Inge Morath Award 2026 — Deadline April 30. No fee. $7,500 from the Magnum Foundation for women and nonbinary photographers under 30.
THE WEEKS AHEAD
Key Dates: Through April 19
Apr 7: Deadline — CPA Artist Grants
Apr 8: Sotheby’s Photographs Part II opens, online
Apr 9: EXPOSED Torino Foto Festival opens, Turin
Apr 11: Phillips Photographs auction, New York
Apr 11: Outside Help (Christopher Richmond) opens at Moskowitz Bayse, LA
Apr 12: Deadline — PPA Photo Award
Apr 13: Last day — Ruby Bell: Glow, Leica Gallery, West Hollywood
Apr 16: Sony World Photography Awards winners announced, London
Apr 16: Sotheby’s Photographs Part II closes online
Apr 18: KYOTOGRAPHIE opens, Kyoto
ONE QUESTION
Which living photographer do you think is most underrepresented in major museum collections?

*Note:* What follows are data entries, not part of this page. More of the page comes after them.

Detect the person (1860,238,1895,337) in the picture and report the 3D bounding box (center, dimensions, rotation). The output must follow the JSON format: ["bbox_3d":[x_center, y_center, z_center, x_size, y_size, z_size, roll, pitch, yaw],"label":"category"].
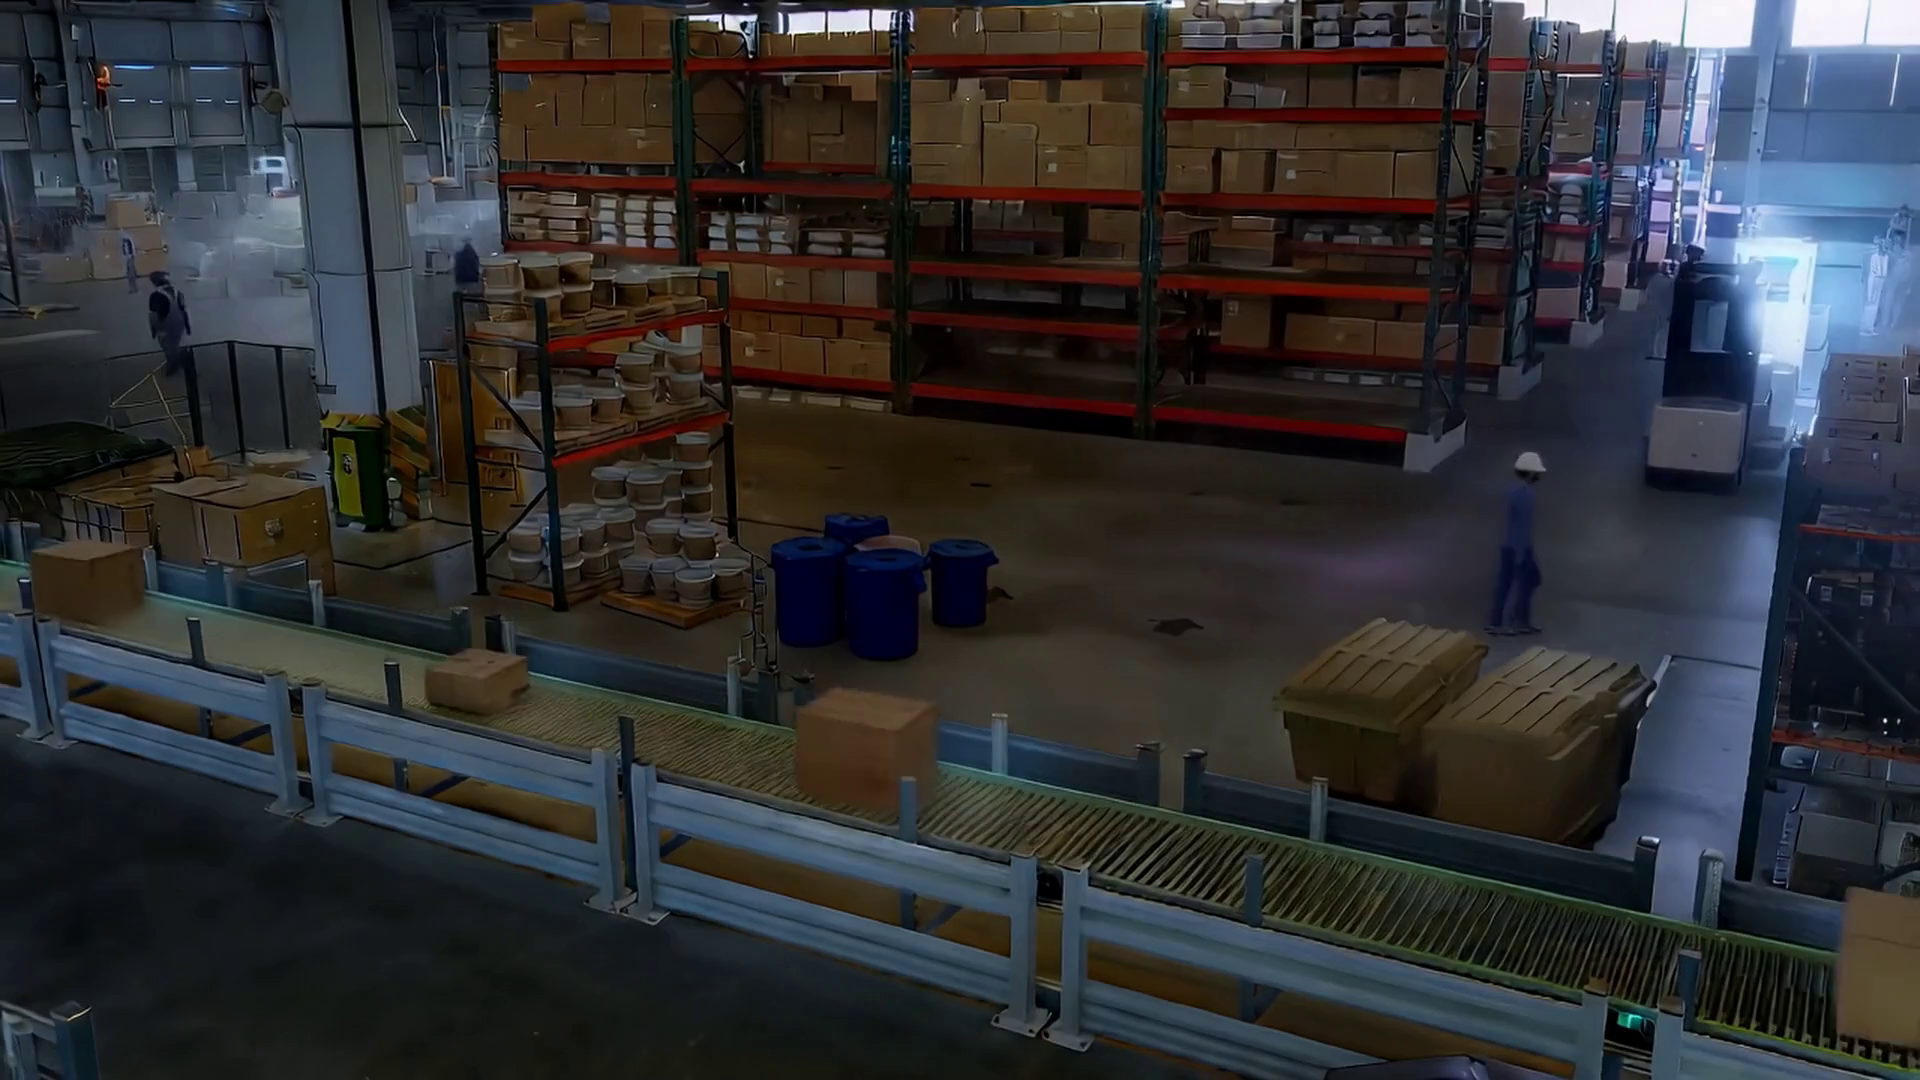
[{"bbox_3d":[18.954,-5.209,34.317,0.601,2.035,0.408,-14,20,-42],"label":"person"}]

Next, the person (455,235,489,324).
[{"bbox_3d":[-10.621,-5.641,36.129,0.624,1.931,1.063,8,17,28],"label":"person"}]

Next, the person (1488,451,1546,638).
[{"bbox_3d":[5.124,0.058,15.050,0.599,1.745,0.543,9,17,31],"label":"person"}]

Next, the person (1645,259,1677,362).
[{"bbox_3d":[13.167,-4.291,31.118,0.400,1.901,0.643,-5,16,-18],"label":"person"}]

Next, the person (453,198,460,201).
[{"bbox_3d":[-16.472,-10.385,54.522,0.515,1.636,0.315,13,20,40],"label":"person"}]

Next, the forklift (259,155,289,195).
[{"bbox_3d":[-24.419,-12.329,59.450,1.129,2.768,1.873,-6,16,-23],"label":"forklift"}]

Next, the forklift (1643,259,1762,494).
[{"bbox_3d":[9.510,-2.140,21.144,1.129,2.768,1.873,8,17,28],"label":"forklift"}]

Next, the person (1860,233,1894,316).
[{"bbox_3d":[20.773,-6.018,37.694,0.664,1.864,0.998,9,17,30],"label":"person"}]

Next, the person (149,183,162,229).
[{"bbox_3d":[-30.235,-12.553,62.557,0.318,1.696,0.538,3,15,10],"label":"person"}]

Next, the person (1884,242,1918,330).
[{"bbox_3d":[19.986,-5.409,35.432,0.630,1.844,1.065,6,16,23],"label":"person"}]

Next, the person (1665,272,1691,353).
[{"bbox_3d":[13.839,-4.412,31.943,0.315,1.700,0.541,-1,15,-3],"label":"person"}]

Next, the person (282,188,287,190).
[{"bbox_3d":[-22.641,-10.957,56.235,0.989,1.859,0.558,-10,18,-33],"label":"person"}]

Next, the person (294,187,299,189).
[{"bbox_3d":[-22.064,-10.808,55.566,0.661,1.932,0.446,12,19,39],"label":"person"}]

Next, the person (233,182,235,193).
[{"bbox_3d":[-26.105,-12.035,60.218,0.719,1.904,0.655,-13,20,-41],"label":"person"}]

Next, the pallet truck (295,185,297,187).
[{"bbox_3d":[-26.804,-14.617,69.738,1.885,1.965,0.823,-14,20,-42],"label":"pallet truck"}]

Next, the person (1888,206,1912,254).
[{"bbox_3d":[27.221,-8.790,48.242,0.575,1.794,0.968,6,16,22],"label":"person"}]

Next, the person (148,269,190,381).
[{"bbox_3d":[-13.562,-3.698,28.611,0.926,2.000,0.700,5,16,18],"label":"person"}]

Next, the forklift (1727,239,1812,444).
[{"bbox_3d":[11.664,-2.935,24.132,1.129,2.768,1.873,8,17,27],"label":"forklift"}]

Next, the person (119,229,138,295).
[{"bbox_3d":[-20.808,-6.949,41.596,0.312,1.642,0.512,-2,15,-8],"label":"person"}]

Name one photographer whose work deserves more institutional attention than it currently gets — and tell us why. Answer in the comments. We’ll highlight the responses in the next issue.
DID YOU KNOW?
The most viewed photograph in history is almost certainly Bliss — the rolling green hills and blue sky Charles O’Rear shot in Sonoma County, California, in 1996 on a drive from Napa to San Francisco. O’Rear, a former National Geographic photographer, used a medium-format camera and Fujifilm Velvia slide film. Microsoft purchased the rights in 2000 for an undisclosed sum. It served as the default Windows XP wallpaper for over a decade. The image is completely unmanipulated. The hill, Licatalsi Ranch in Sonoma, was later converted to a vineyard.
ON THIS DAY
April 8, 1974: Hank Aaron hit his 715th career home run off Al Downing at Atlanta’s Fulton County Stadium, breaking Babe Ruth’s record that had stood for 39 years. Photographer Neil Leifer was positioned in the stands and captured Aaron rounding second base, arms raised, two Dodgers fielders retreating behind him. The image ran on the cover of Sports Illustrated on April 15, 1974 — one of the defining sports photographs of the 20th century. Leifer, who had also photographed Muhammad Ali’s first-round knockout of Sonny Liston in 1965, remains one of the most celebrated sports photographers in American history.